Example #4: Show that the set of all integer numbers has no limit points, .i.e $$L\left( \mathbb{Z} \right) = \phi$$.

Solution:
Let $$x\in\mathbb{R}$$. We say that $$x$$ is limit point of $$\mathbb{Z}$$ iff $$\forall \epsilon > 0$$ the interval $$\left(x-\epsilon,x+\epsilon \right )$$ contains points of $$\mathbb{Z}$$ other than $$x$$. But $$\forall x \in \mathbb{R}$$, $$\exists n \in \mathbb{Z}$$ such that $$n-1 \leq x < n$$. so, if $$\ epsilon < min \left ( \left | x-n+1 \right |,\left | x-n \right | \right )$$ then the interval $$\left (x-\epsilon , x+\epsilon \right )$$ will contain no integer. Therefore, $$\left (x-\epsilon , x+\epsilon \right ) \cap \mathbb{Z}\setminus \left \{ x \right \}= \phi$$. Thus, no real number can be limit point of $$\mathbb{Z}$$.
In analogy with $$\mathbb{N}$$, we can show that $$L\left( \mathbb{N} \right) = \phi$$ either.

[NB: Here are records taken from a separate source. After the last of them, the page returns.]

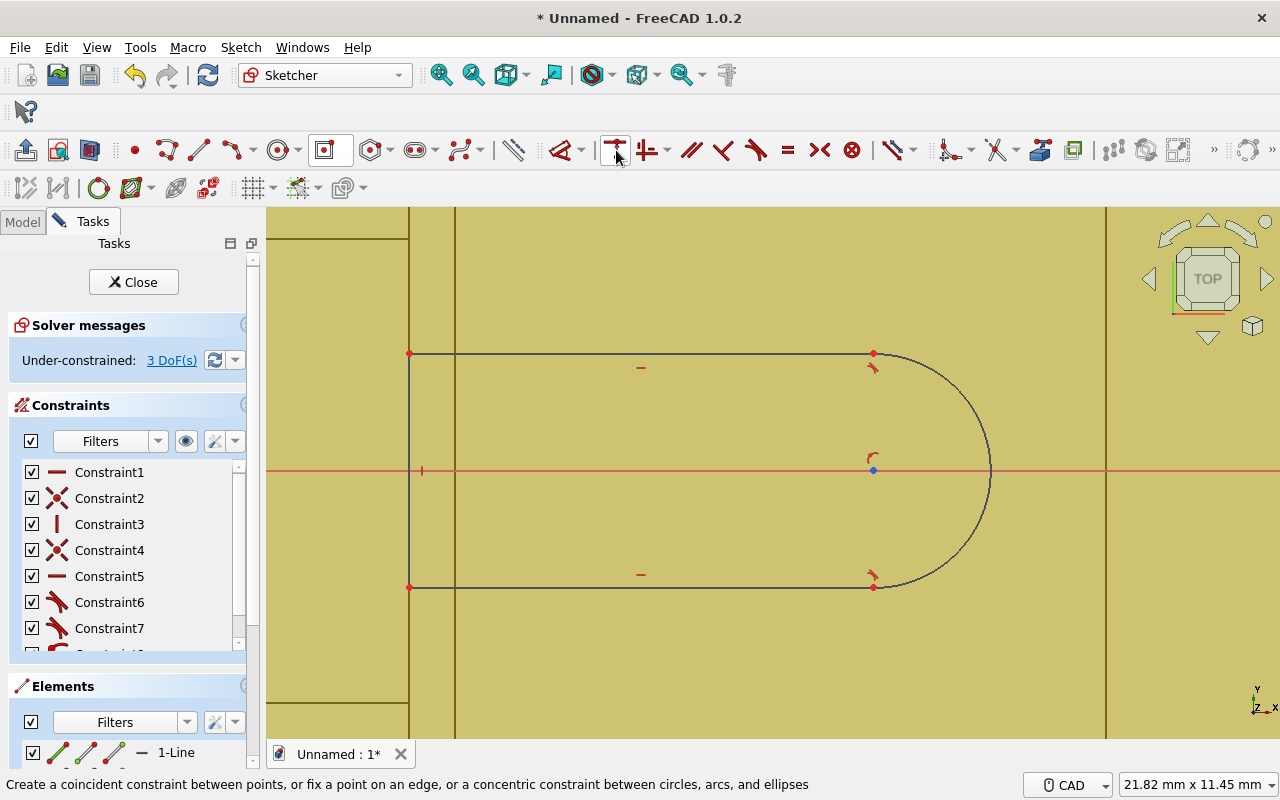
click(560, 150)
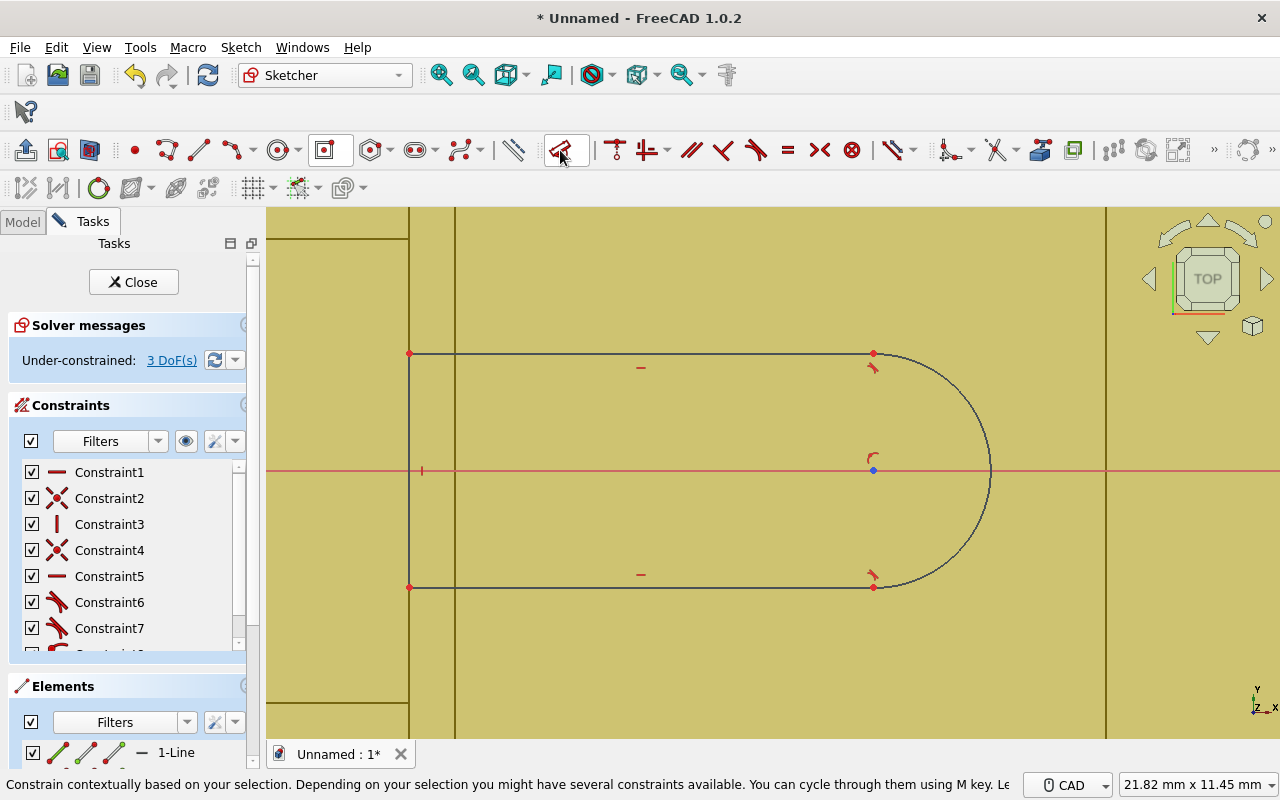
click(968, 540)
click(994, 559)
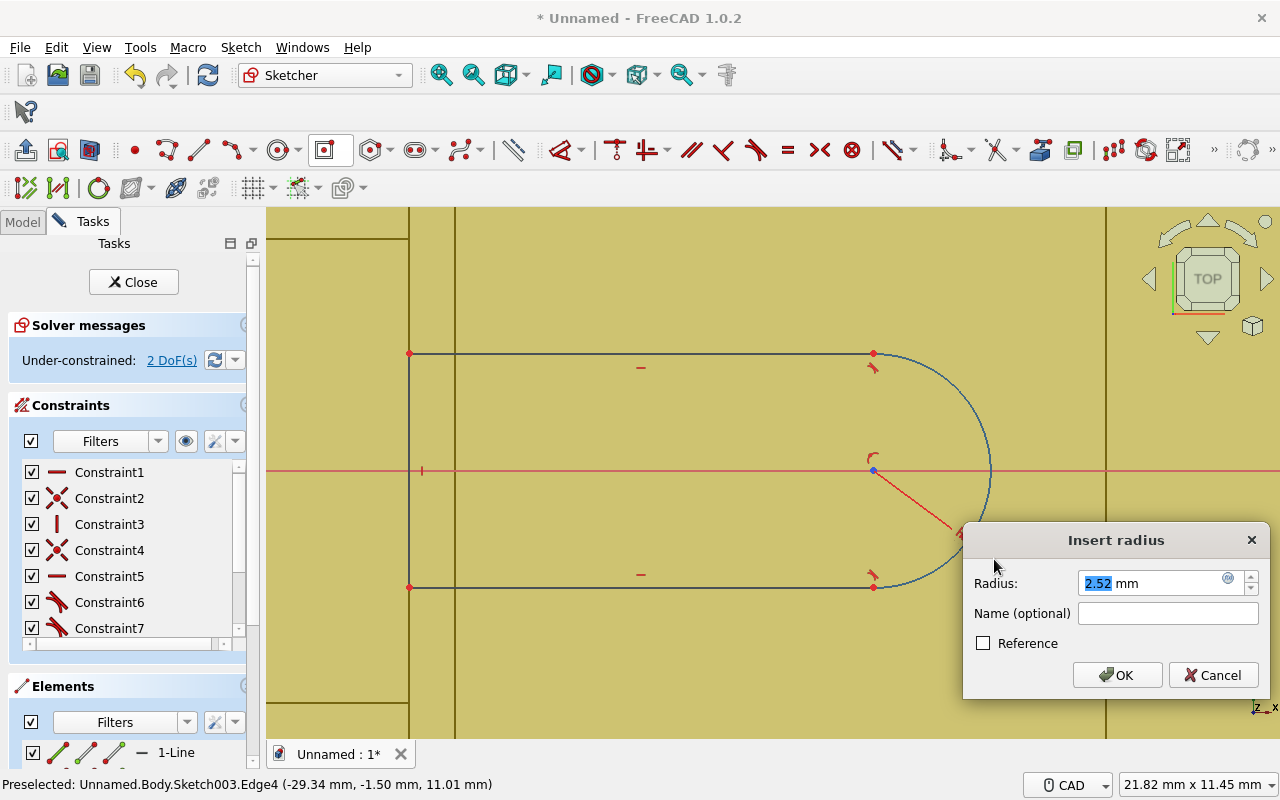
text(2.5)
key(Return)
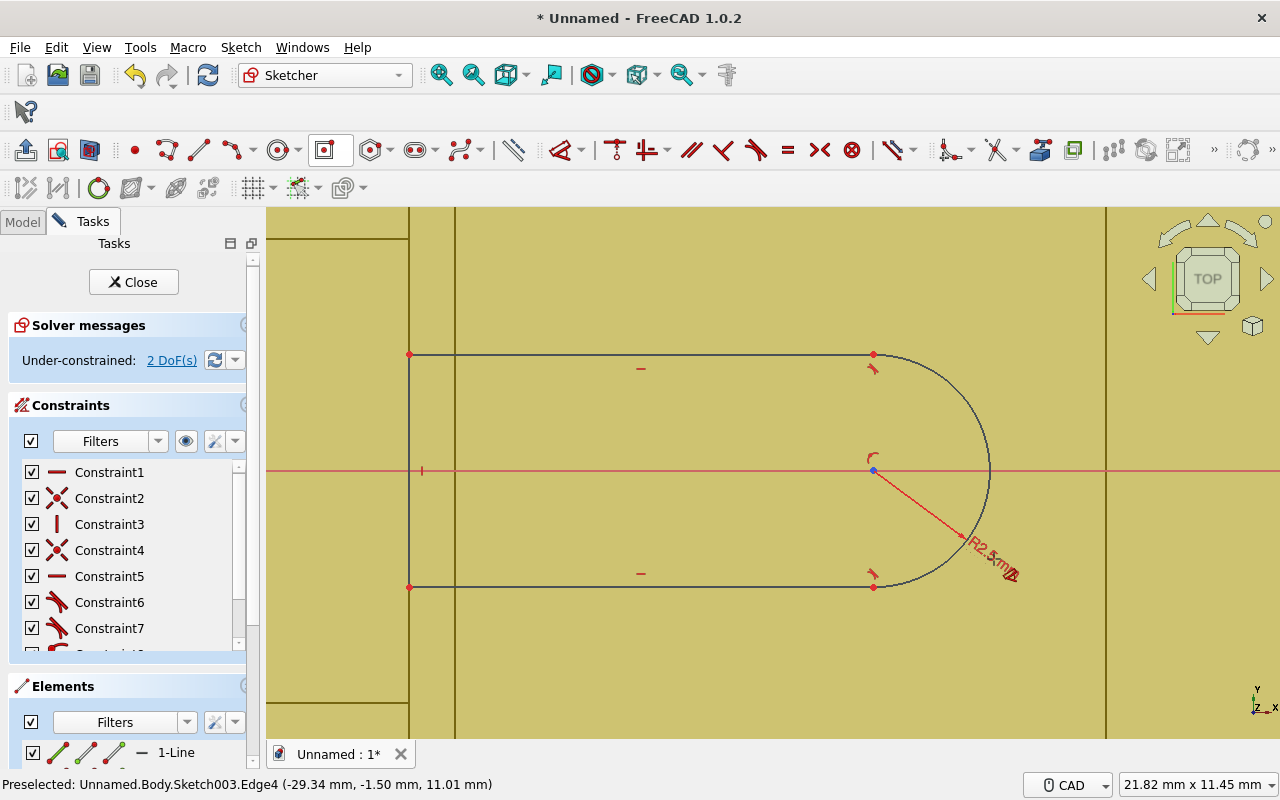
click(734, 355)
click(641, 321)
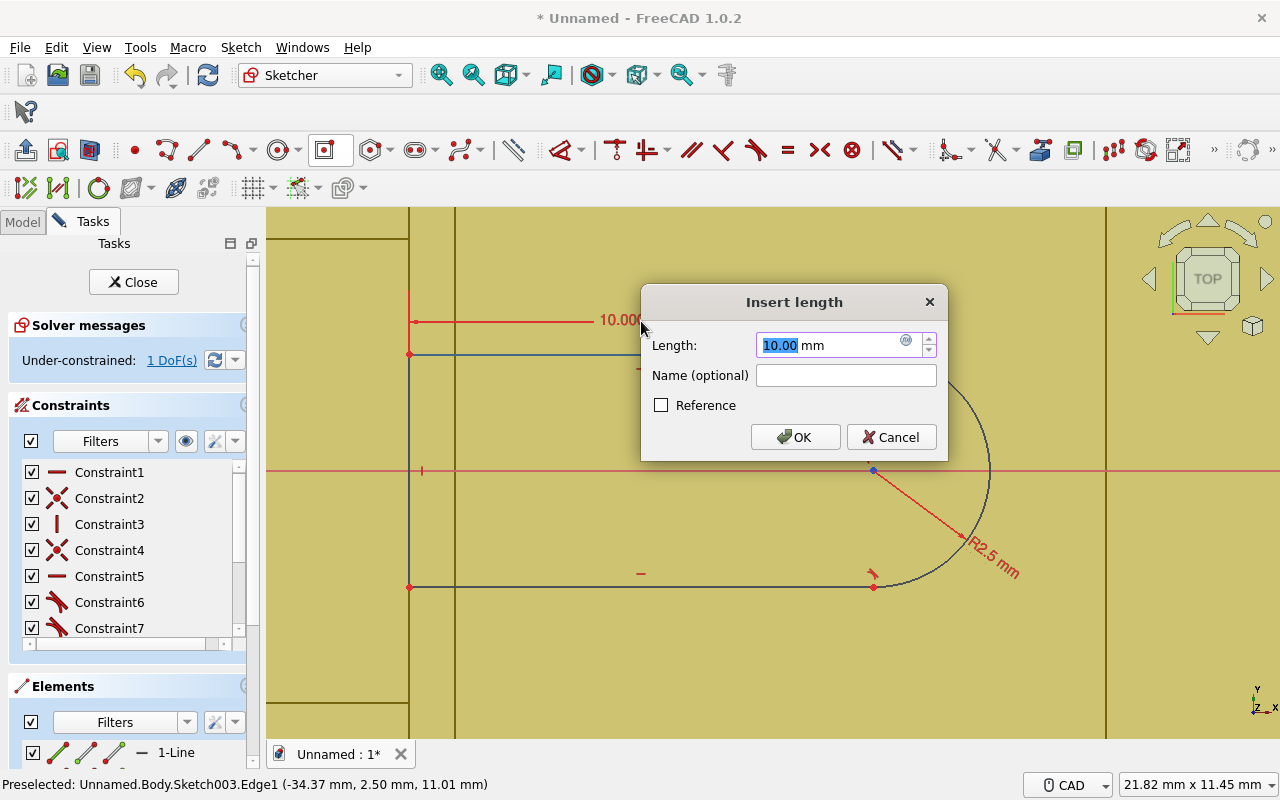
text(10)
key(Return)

Example #5: Show that the set of all rational number has infinitely many limit points, .i.e $$L\left(\mathbb{Q} \right) = \mathbb{R}$$.

Solution:
By the definition, $$\forall \epsilon > 0$$, the interval $$\left (x-\epsilon , x+\epsilon \right )$$ contains infinitely many points of $$\mathbb{Q}$$ other than $$x$$. Hence,  $$\left (x-\epsilon , x+\epsilon \right ) \cap \mathbb{Q}\setminus \left \{ x \right \} \neq \phi$$. Therefore, every real number is limit point of $$\mathbb{Q}$$.

Example #6: Show (in term of limit points) that the set of all natural number $$\mathbb{N}$$ is closed set.

Solution:
To prove that $$\mathbb{N}$$ is closed, we have to show that it contains all its limit points. And we knew that $$L\left( \mathbb{N} \right) = \phi$$. Now, since $$\phi \subset \mathbb{N}$$ then $$\mathbb{N}$$ contains all of limit point. i.e, $$\phi \cap \mathbb{N} \setminus \phi \neq \phi$$.

Example #7: Let $$S=\left \{ \frac{1}{n}:n \in \mathbb{Z}^{+} \right \}$$. Show that $$L \left ( S \right ) = \left \{ 0 \right \}$$.

Solution:
Implement the following set on the real line to have the following sketch:

The only limit point appear here is the $$0$$ point, since $$\forall \epsilon > 0$$, the interval $$\left (0-\epsilon , 0+\epsilon \right )$$ contains points of $$S$$ other than the zero point itself. Therefore, using the difinition of the limit point, we can say that  $$\left (0-\epsilon , 0+\epsilon \right ) \cap S \setminus 0 \neq \phi$$. Hence the only limit point of $$S$$ is the Zero point.